(DATA FOR PROCESSING Opens)

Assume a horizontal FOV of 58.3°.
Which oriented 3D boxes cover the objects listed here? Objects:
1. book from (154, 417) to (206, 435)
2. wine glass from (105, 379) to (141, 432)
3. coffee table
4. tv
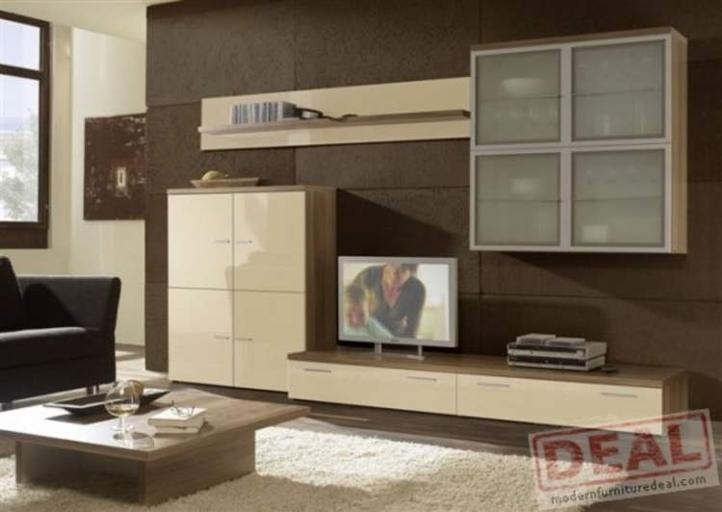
[{"bbox_3d":[-0.913,0.852,3.246,0.255,0.066,0.132,-2,6,-20],"label":"book"},{"bbox_3d":[-1.200,0.750,3.294,0.163,0.286,0.336,-2,6,-18],"label":"wine glass"},{"bbox_3d":[-1.181,1.032,3.473,1.539,0.375,0.883,1,6,8],"label":"coffee table"},{"bbox_3d":[0.298,0.394,5.047,0.796,0.582,0.083,1,2,24],"label":"tv"}]

(DATA FOR PROCESSING Closes)

> [ABOUT THIS TASK]: Retype, exactly and in full, the lines above from the one containing "1. book from (154, 417) to (206, 435)" through the one containing "3. coffee table".

> [SOLUTION TO THE PROBLEM]:
1. book from (154, 417) to (206, 435)
2. wine glass from (105, 379) to (141, 432)
3. coffee table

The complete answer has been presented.